Could you test the latest -rc? There were a few NFS fixes in -rc5.
Created attachment 12797 [details] workaround patch This isn't a fix, but if it eliminates the symptoms then it would help confirm that the problem is what I think it is.
Looks to me like a symptom of buggy locking and reference counting in the nfsv4 state code. For example, we're reference counting the structure representing the delegation, but no the structure that contains the rpc_client used to make the callbacks. This doesn't appear to be a regression.
Created attachment 12809 [details] probable fix This is closer to a real fix. If you can confirm it solves the original problem, that'd be great. This fix is for a couple races that have existed for a while, so (assuming it's the reported problem) the bug wasn't a regression.
Thanks for the patch, Bruce. I have been running 2.6.23-rc6 for 1.5 days without problem so far and start testing this latest patch in the next day or so, however it will take >~2 weeks to be confident it addresses the issue, as it's less so easy to hit. I found that I needed the 'clientaddr' mount option to get delegations working correctly, so perhaps this shows there is less exposure than expected/desired?
Any news?
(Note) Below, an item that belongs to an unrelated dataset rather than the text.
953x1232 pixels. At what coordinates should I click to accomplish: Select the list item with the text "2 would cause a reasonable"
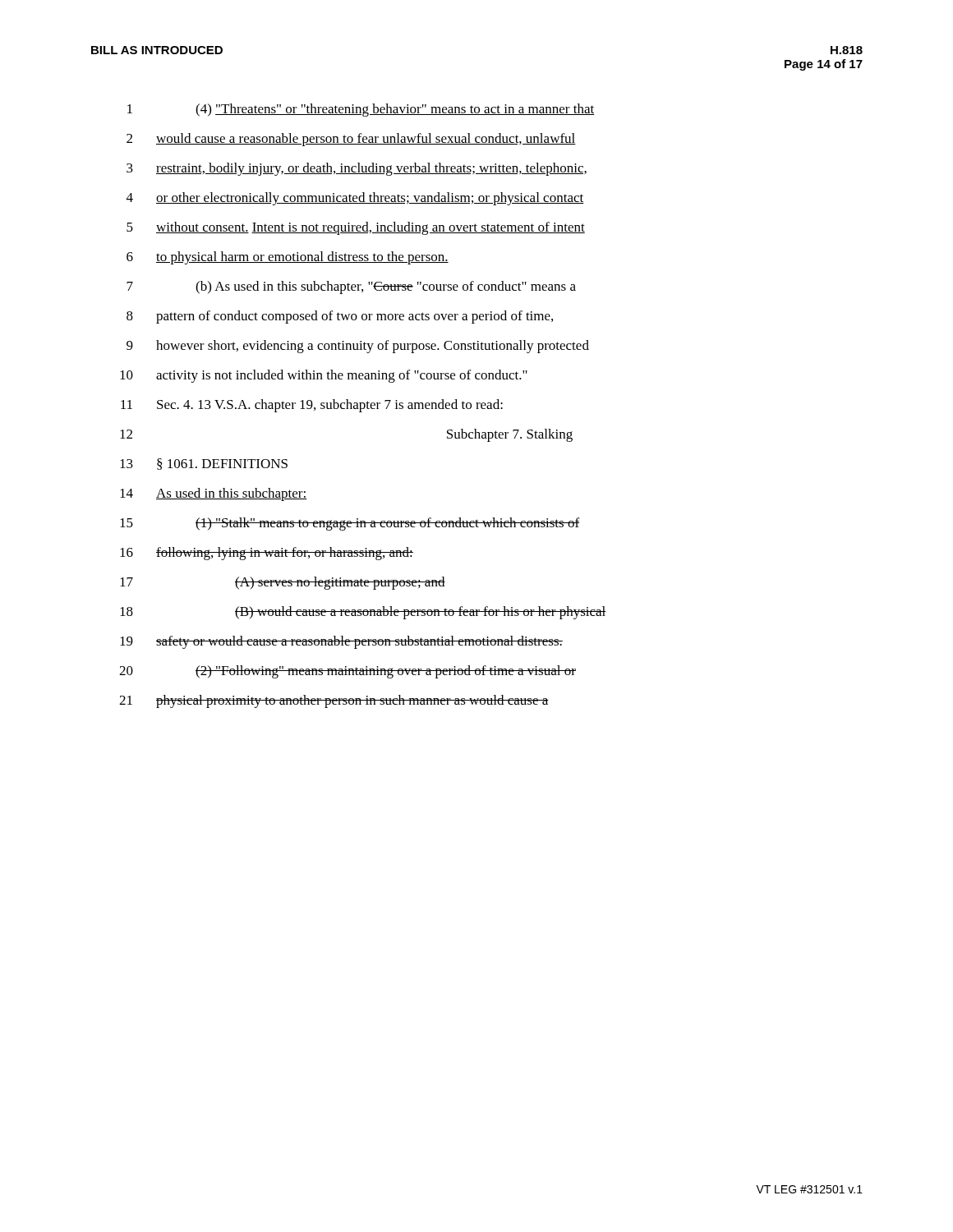(x=476, y=139)

I've queued up this patch for 2.6.24 (actually, same change broken up into 3 separate patches)--currently in git://linux-nfs.org/~bfields/linux.git nfs-server-stable.
No news - I didn't reproduce the bug in 2.6.23-rc7 after ~2 weeks and am not with this system for a month for further testing.
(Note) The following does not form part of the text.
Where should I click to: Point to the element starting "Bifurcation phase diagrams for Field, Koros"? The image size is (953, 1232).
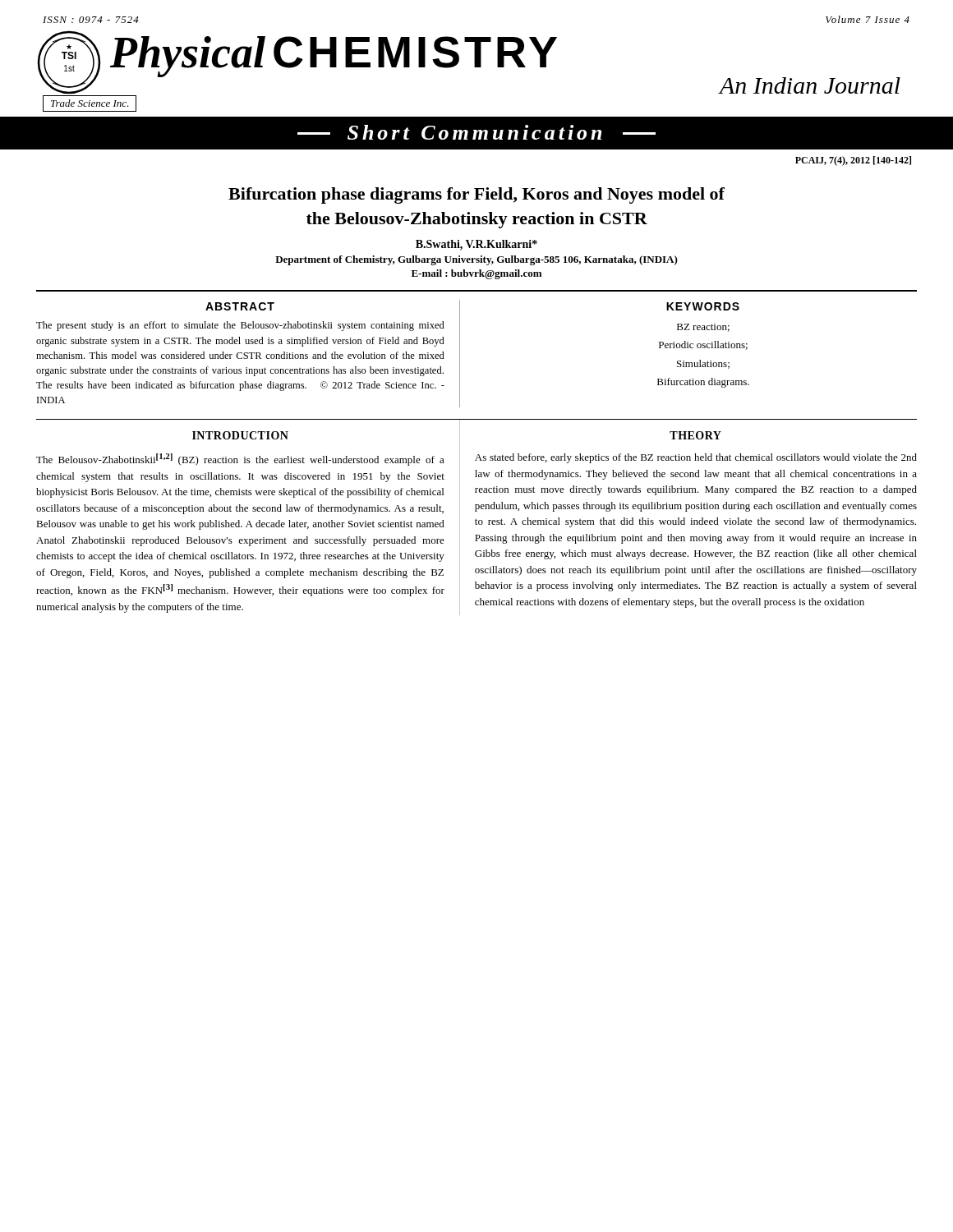[x=476, y=206]

Created attachment 13765 [details] additional fix I believe that this fix (on top of 2.6.24-rc3, which also contains the previous patch) should fix another race that could cause the same oops.
Incidentally, I've been tracking upstream -rc kernel verions, and haven't found symptom of this bug at all with my usual multi-system workload, so it would seem less acute as before.
OK, we can close this bug now. Please reopen if the problem appears again.